That will cover around 27,000 terraced households, many of which have limited options for waste disposal so already use temporary community bins.
The innovative programme, which will cost £1.5million, will see Liverpool join Peterborough, Cambridge and Wembley in using underground bins in an attempt to clear the streets of black bin bags and reduce the knock-on issue of rats.
With the first phase about to get underway, here’s everything you need to know about Liverpool’s new superbins …
The council say the first 12 locations have been chosen and they are: Hayfield Street in Anfield, Empress Road in Kensington; Leopold Road in Kensington; Saxony Road, Kensington; Battenburg Street, Kensington; Arundel Street, Walton; Maria Road, Walton; Selina Road, Walton; Toft Street, Kensington; Moss Grove, Liverpool 8; Silverdale Avenue, Tuebrook; Maud/Madelaine Street, Liverpool 8.
Rubbish put into new smaller above-ground general household and recycling waste bins will drop into large underground superbins below. The bins are designed to be fully accessible to anyone with limited strength or mobility, so some will be operated with foot pedals and others with ground-level mechanisms, but because cleanliness is a priority, no bins will be operated by hand.
The underground superbins come in different sizes but the largest can hold up to 5,000 litres of waste which is the equivalent to a week’s worth of rubbish for 20 houses, before it needs emptying. The superbins are smart bins, so they know when they’re full! They are made of steel or reinforced plastic to keep smells down, and they’ll set off an alarm when they’re at capacity. They will then be emptied with a crane lift and reinstalled in a process which the council estimates should take less than 10 minutes.
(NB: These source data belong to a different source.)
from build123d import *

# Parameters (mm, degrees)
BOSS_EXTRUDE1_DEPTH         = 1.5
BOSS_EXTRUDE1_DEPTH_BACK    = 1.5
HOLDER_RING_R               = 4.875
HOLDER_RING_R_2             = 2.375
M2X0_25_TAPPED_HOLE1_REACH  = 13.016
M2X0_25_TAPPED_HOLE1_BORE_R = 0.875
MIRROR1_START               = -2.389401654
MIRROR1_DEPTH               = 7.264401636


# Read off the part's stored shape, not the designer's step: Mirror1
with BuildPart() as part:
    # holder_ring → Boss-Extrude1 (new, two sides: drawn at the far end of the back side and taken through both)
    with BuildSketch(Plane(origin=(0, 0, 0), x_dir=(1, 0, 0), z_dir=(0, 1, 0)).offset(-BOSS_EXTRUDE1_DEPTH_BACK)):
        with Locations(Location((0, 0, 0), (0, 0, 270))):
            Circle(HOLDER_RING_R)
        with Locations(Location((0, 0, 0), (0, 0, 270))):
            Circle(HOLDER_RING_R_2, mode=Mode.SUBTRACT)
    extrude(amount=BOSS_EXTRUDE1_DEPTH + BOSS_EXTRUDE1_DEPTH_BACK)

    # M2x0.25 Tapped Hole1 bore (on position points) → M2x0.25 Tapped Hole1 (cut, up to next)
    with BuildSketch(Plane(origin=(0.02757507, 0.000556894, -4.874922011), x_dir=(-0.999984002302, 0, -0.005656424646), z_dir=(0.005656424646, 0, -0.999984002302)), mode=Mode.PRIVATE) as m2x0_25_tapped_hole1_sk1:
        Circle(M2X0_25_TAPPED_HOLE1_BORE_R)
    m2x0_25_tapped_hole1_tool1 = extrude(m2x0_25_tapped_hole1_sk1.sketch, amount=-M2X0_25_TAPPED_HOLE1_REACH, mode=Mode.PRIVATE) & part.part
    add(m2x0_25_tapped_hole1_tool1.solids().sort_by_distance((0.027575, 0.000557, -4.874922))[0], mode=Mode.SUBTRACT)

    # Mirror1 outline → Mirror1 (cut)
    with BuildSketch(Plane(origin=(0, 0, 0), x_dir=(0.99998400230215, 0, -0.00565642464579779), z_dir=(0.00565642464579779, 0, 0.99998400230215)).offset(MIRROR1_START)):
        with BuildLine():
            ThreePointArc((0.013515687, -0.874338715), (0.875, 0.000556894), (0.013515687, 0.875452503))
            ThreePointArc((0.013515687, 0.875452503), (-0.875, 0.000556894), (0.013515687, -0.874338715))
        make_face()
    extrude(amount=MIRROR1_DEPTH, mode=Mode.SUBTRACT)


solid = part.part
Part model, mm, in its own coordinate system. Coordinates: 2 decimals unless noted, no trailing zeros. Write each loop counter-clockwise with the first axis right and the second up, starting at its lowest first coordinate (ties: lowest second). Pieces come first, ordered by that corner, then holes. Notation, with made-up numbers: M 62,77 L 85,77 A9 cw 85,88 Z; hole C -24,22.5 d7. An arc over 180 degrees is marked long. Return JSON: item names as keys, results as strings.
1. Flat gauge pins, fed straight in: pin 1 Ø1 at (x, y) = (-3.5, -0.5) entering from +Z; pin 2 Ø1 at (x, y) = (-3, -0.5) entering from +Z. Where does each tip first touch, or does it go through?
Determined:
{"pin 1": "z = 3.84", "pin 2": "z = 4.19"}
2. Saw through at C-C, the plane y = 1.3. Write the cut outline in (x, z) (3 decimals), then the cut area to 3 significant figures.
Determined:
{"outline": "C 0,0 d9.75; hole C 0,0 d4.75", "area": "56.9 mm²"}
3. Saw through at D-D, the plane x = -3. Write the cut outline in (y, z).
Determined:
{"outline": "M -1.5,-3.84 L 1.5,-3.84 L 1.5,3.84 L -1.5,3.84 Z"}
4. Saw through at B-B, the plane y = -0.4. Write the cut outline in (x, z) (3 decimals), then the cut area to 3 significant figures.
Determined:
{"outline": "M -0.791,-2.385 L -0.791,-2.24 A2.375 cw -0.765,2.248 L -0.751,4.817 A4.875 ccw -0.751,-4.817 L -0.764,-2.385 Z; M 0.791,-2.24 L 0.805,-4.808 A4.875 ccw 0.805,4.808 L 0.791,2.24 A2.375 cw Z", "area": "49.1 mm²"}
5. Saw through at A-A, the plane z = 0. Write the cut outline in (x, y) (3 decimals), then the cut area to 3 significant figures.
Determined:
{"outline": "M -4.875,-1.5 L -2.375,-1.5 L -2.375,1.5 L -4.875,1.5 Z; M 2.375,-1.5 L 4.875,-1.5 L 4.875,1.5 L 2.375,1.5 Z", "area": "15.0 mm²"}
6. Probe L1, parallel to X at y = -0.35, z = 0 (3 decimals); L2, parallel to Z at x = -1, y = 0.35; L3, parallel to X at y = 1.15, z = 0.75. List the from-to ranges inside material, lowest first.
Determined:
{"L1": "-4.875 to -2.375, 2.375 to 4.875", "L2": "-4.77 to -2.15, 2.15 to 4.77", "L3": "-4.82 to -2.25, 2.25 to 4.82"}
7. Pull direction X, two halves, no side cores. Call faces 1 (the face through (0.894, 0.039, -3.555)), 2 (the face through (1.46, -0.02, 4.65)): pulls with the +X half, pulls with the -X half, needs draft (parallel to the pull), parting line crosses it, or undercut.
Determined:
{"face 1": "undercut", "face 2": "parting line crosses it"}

The council hopes they’ll help cut down on issues with dumping, waste, litter and rats, which won’t just make life more pleasant and streets cleaner for people living in these areas, it’ll save the council time and resources – and so money – too. Ripped bin bags can also add to the litter problem, so it’s hoped that by getting those off the streets the new scheme will reduce that as well. Liverpool currently has a litter problem three times the national average, so that’s definitely an issue which needs tackling. It’s what Mayor Jo Anderson has described as “an environmental and economic win-win.”
Yes, the council has already held a consultation session in Kensington and a community roadshow in Princes Park so residents in those two selected areas can ask questions about the new scheme, but anyone wanting to share their thoughts still can by emailing [email protected]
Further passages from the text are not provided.